Gross profit totaled $728.9 million for the third quarter of 2007, or 33 percent of revenues
approximately 20 basis points above the level reported in the prior year period. For the
nine-month period, gross profit totaled $2.1 billion, or 33 percent of revenues, 80 basis points
above the gross profit margins reported in the first nine months of 2006. The results for both
periods reflect improved Oilfield margins and, to a lesser extent, an increased proportion of
Oilfield revenues, which generate higher comparable margins. On an absolute dollar basis, gross
profit increased $110.7 million, or 18 percent, over the prior year quarter and
$411.6 million, or 24 percent, above the nine-month period ended September 30, 2006, with the
improvement for both comparisons largely attributable to higher sales volumes in the Oilfield
operations.
Operating expenses, consisting of selling, general and administrative expenses, increased $48.1
million from the prior year quarter; however, as a percentage of revenues, decreased 40 basis
points. Improved fixed cost coverage in general and administrative functions accounted for the
operating expense percentage decline. The majority of the absolute dollar increase was
attributable to variable-related costs associated with the improved business volumes, including
increased investment in personnel and infrastructure in support of the expanding business base.
Compared to the first nine months of 2006, operating expenses increased $168.0 million; although,
as a percentage of revenues, decreased 40 basis points, again, reflecting improved coverage of
general and administrative costs.
Net interest expense, which represents interest expense less interest income, equaled $16.0 million
in the third quarter of 2007. Net interest expense decreased $0.5 million from the prior year
quarter, influenced by lower average short-term interest rates. For the first nine months of 2007,
net interest expense increased $7.7 million from the comparable period of 2006, reflecting higher
average debt levels largely associated with acquisition-related borrowings in the later half of
2006.
17
The effective tax rate approximated 32 percent and 31 percent for the three and nine-month periods
ended September 30, 2007, approximately 70 basis points below the effective rates reported for the
comparable periods of 2006. The favorable comparison to the prior year effective rates, as well as
to the U.S. statutory rate, was influenced by the higher proportion of M-I SWACOs U.S. partnership
earnings and lower state income tax accrual rates. Based on the structure of M-I SWACOs U.S.

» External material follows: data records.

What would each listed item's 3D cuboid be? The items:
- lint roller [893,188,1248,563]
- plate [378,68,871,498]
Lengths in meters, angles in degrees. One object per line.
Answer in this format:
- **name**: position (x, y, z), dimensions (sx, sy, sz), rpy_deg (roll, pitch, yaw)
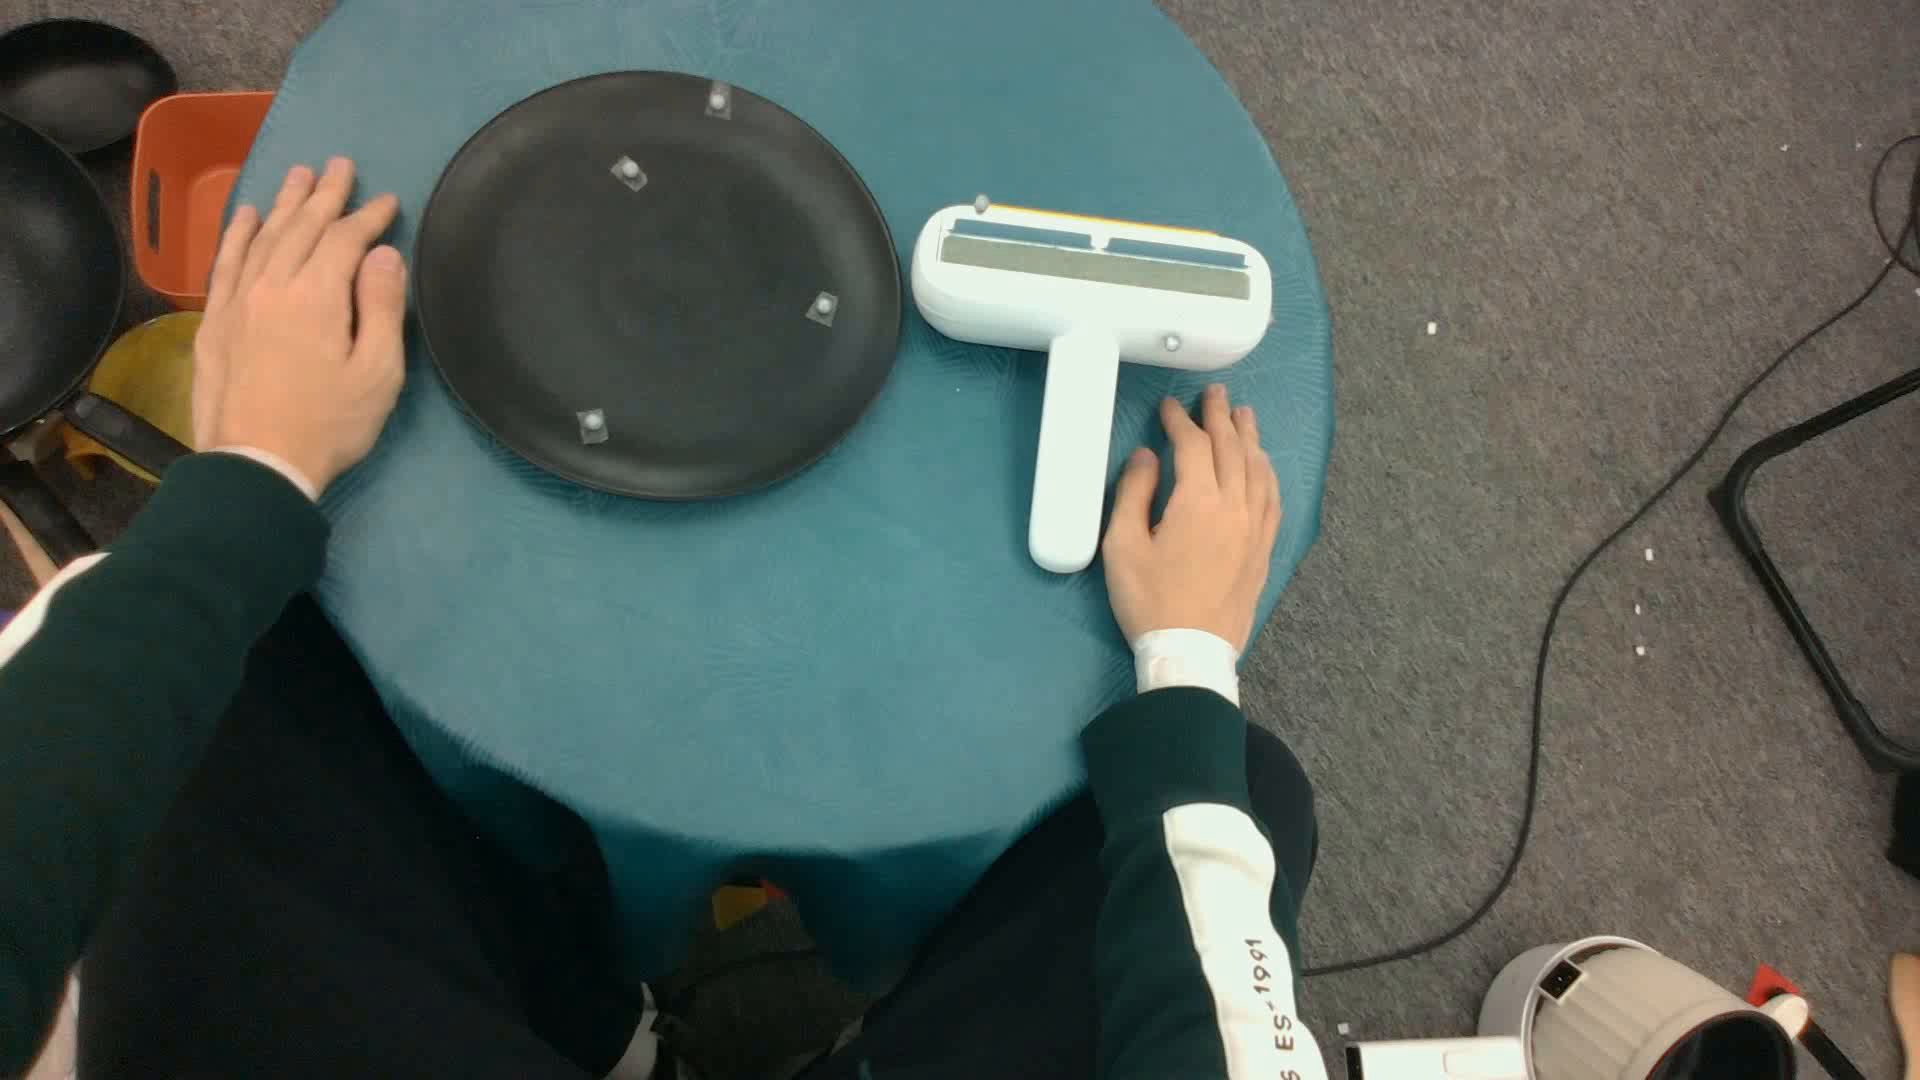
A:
- **lint roller**: position (0.047, -0.083, 0.747), dimensions (0.193, 0.074, 0.192), rpy_deg (12, 84, -4)
- **plate**: position (-0.167, -0.133, 0.708), dimensions (0.244, 0.023, 0.245), rpy_deg (5, 71, -14)

operations, the minority partner is directly responsible for taxes on its share of U.S. partnership
earnings. Accordingly, the Company properly consolidates the pretax income related to the minority
partners share of U.S. partnership earnings but excludes the related tax provision.

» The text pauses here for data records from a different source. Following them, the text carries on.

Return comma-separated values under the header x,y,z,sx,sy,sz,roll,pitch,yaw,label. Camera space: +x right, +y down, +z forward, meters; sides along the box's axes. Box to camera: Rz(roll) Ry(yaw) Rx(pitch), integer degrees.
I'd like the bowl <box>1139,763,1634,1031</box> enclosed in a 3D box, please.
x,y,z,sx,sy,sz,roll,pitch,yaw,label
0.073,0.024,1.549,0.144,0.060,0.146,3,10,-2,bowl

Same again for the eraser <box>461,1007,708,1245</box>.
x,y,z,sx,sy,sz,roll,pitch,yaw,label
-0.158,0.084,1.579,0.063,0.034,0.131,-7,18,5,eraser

Minority interest expense reflects the portion of the results of majority-owned operations which
are applicable to the minority interest partners. Minority interest expense was $11.2 million and
$46.4 million above amounts reported in the prior year quarter and first nine months of 2006,
respectively, primarily associated with improved profitability levels
in the M-I SWACO joint venture.
Liquidity and Capital Resources
General
At September 30, 2007, cash and cash equivalents equaled $98.7 million. During the first nine
months of 2007, the Company generated $388.6 million of cash flows from operations, significantly
above the amount reported in the comparable prior year period. The favorable comparison was
attributable to the year-over-year increase in overall profitability levels and, to a lesser
extent, the reduced level of incremental working capital investment.
During the first nine months of 2007, cash flows used in investing activities totaled $239.1
million, primarily consisting of amounts required to fund capital expenditures and, to a lesser
extent, acquisition-related payments. The Company invested $214.6 million in property plant and
equipment, after taking into consideration cash proceeds arising from certain asset disposals.

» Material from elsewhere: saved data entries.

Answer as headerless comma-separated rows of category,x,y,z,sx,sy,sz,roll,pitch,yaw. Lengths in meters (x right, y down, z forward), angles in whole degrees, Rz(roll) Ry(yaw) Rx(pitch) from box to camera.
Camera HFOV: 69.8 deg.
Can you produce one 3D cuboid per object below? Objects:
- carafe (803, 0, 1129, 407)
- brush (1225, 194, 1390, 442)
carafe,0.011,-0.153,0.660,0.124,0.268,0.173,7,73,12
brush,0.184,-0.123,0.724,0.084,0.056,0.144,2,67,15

Cash invested in acquired business operations, net of dispositions, totaled $24.4 million during
the first nine months of 2007. The amount was attributable to the DSI purchase and, to a lesser
extent, the settlement of certain earn-out arrangements related to previously acquired operations.
Net cash used in investing activities declined significantly from the prior year period due to
lower required acquisition funding levels.
Cash flows used in financing activities totaled $133.4 million for the first nine months of 2007.
The significant level of borrowings required in the prior year period were not necessary in the
first nine months of 2007, attributable to improved operating cash flow generation and lower
acquisition funding needs.
The Companys primary internal source of liquidity is cash flow generated from operations. Cash
flows generated from operations is primarily influenced by the level of worldwide drilling
activity, which affects profitability levels and working capital requirements. Capacity under
revolving credit agreements is also available, if necessary, to fund operating or investing
activities. During the third quarter of 2007, the Company utilized available capacity under its
existing U.S. revolving credit facilities to retire $150.0 million of debt that matured during the period.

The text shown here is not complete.